Ich habe die Werte mit dem Historischen Währungsrechner der ÖNB ermittelt. Bei aller Problematik erscheint mir dieser als recht gut: https://www.eurologisch.at/docroot/waehrungsrechner/#/
Was zunächst nach einer soliden Währung ausschaut, ist mit Kriegsbeginn nur mehr ein Schatten seiner selbst. Nun ist die Frage, von wann die Karte stammt. Dann ist das Bankvermögen entweder ein echtes Vermögen oder ein Alarmzeichen.
(Stadtarchiv/Stadtmuseum Innsbruck; Slg. Sommer)
Am 7. Januar 1911 schreibt das Neue Wiener Tagblatt auf S 14: „(Anglo-österreichische Bank.) Die Anglobank hat in Czernowitz und Innsbruck Filialen errichtet, welche ihre Tätigkeit am 2. d. M. aufgenommen haben.“
Demnach kann diese Werbekarte nicht vor Jänner 1911 Verwendung gefunden haben.
Das Aktienkapital der Anglo-Österreichischen Bank wurde laufend erhöht und belief sich
ab April 1910 auf 80 Millionen Kronen
ab April 1911 auf 100 Millionen Kronen
ab Okt. 1916 auf 130 Millionen Kronen
ab Mai 1918 auf 150 Millionen Kronen
ab Juli 1920 auf 200 Millionen Kronen
ab März 1922 auf 2 Millionen Pfund Sterling, nachdem die Umorganisation in eine englische Gesellschaft, die den Namen Anglo-Austrian-Bank führte, abgeschlossen war.

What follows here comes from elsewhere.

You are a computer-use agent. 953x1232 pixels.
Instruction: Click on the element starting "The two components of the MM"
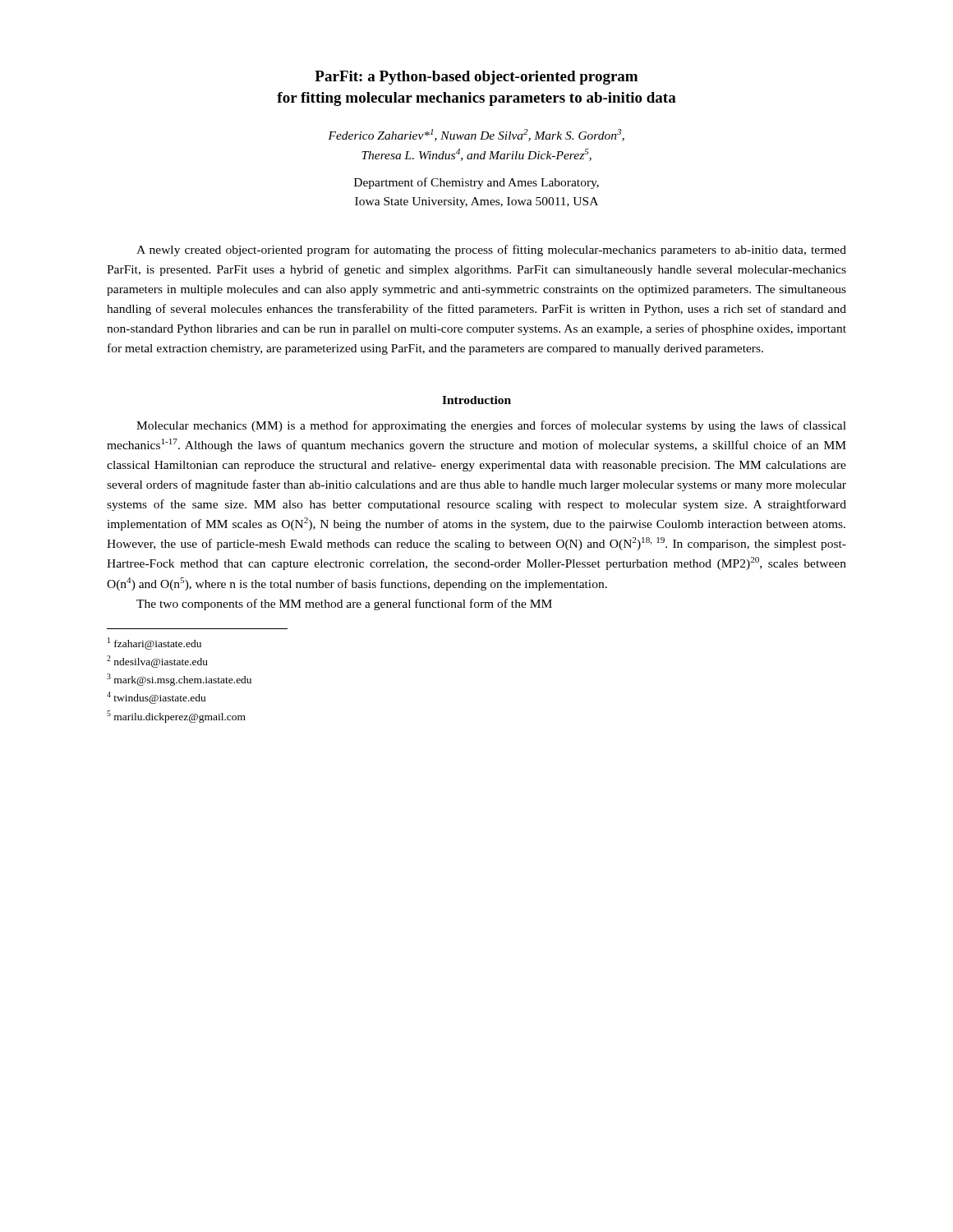344,603

In den Innsbrucker Adressbüchern war bis einschließlich 1925 noch Anglo-Oesterreichische Bank zu lesen, 1926 und 1927 hieß es dann auch hier Anglo-Austrian Bank.
Das im Titelbild beworbene Aktienkapital von 122 Millionen Kronen müsste demnach zwischen 1911 und 1916 beschlossen worden sein. Es war auch wohl so angedacht, denn in der Generalversammlung am 6. April 1914 wurde eine Erhöhung des Aktienkapitals auf 120 Millionen Kronen beantragt und auch genehmigt, zunächst aber kein Gebrauch davon gemacht. Allerdings wird der Generalrat gleichzeitig ermächtigt, „in dem ihm geeignet erscheinenden Zeitpunkte diese Kapitalserhöhung unter Festsetzung der Modalitäten […] durchzuführen.“ (Neues Wiener Tagblatt, 7. April 1914, S 18)

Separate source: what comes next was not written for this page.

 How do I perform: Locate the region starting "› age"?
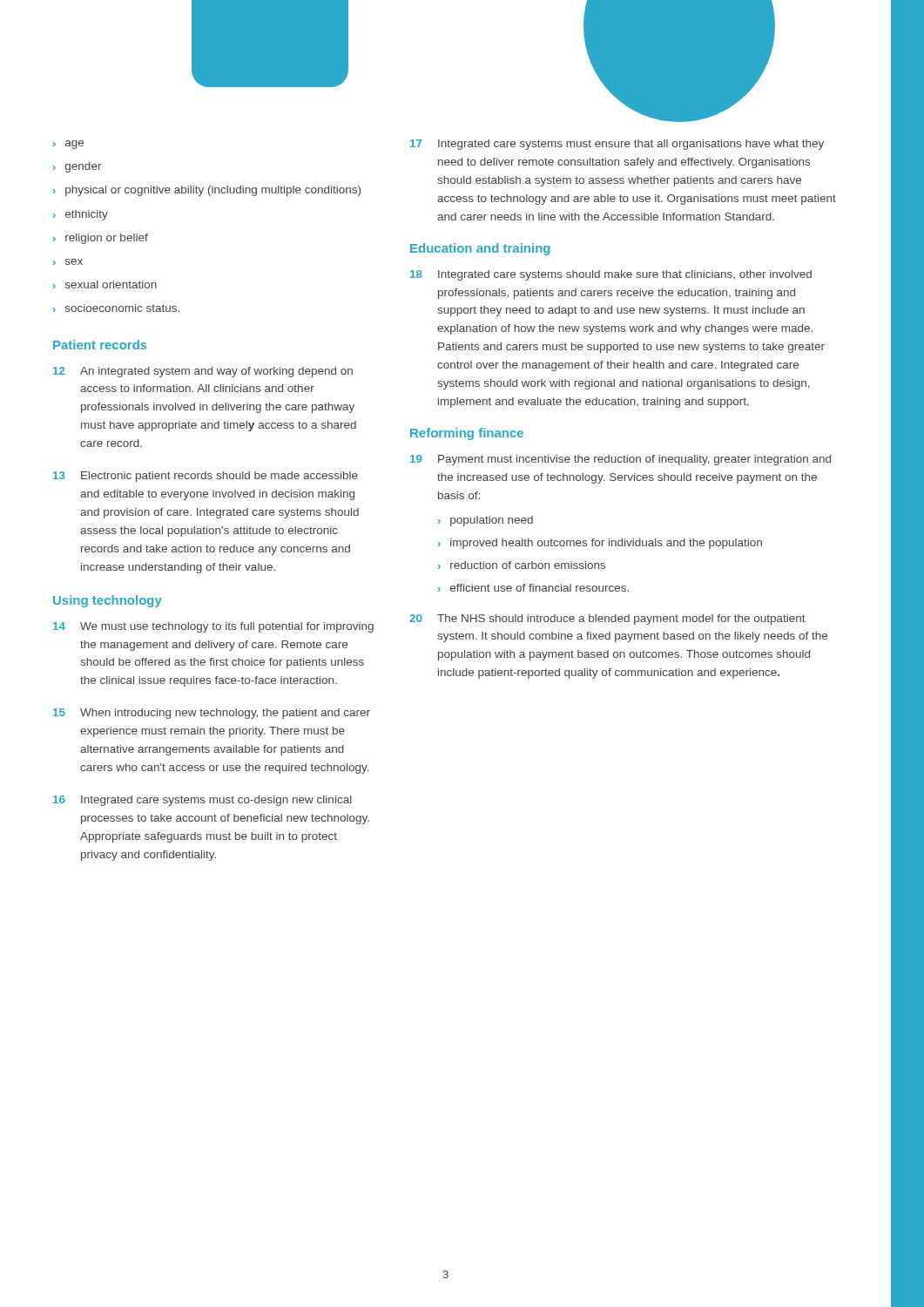coord(68,143)

Interessant ist auch eine Anzeige der Innsbrucker Filiale der Anglo-Oesterreichischen Bank im ATA: https://anno.onb.ac.at/cgi-content/anno?aid=tan&datum=19110218&query=%22Anglo%22+%22Bank%22+%22Aktienkapital%22&ref=anno-search&seite=21
Hier wird bereits am 18. Februar 1911 mit einem Aktienkapital von 100 Millionen Kronen geworben, obwohl die Erhöhung auf 100 Mio. erst im April 1911 beschlossen wurde. Evtl. hat man mit dem Zusatz „und Reserven“ die Erhöhung von den damals noch bestehenden 80 Millionen auf 100 Mio. vorweggenommen.
Am 11. Februar 1927 berichten die IN auf S 10: „(Aus dem Tiroler Handelsregister.) Gelöscht wurde infolge Einstellung des Geschäftsbetriebes die Firma Anglo-Austrian-Bank Limited, Niederlassung Wien, Filiale Innsbruck.“
Dies ist zu den Adressbuch-Eintragungen insofern kein Widerspruch, als dass dafür jeweils die gemeldeten Daten des Vorjahres herangezogen wurden.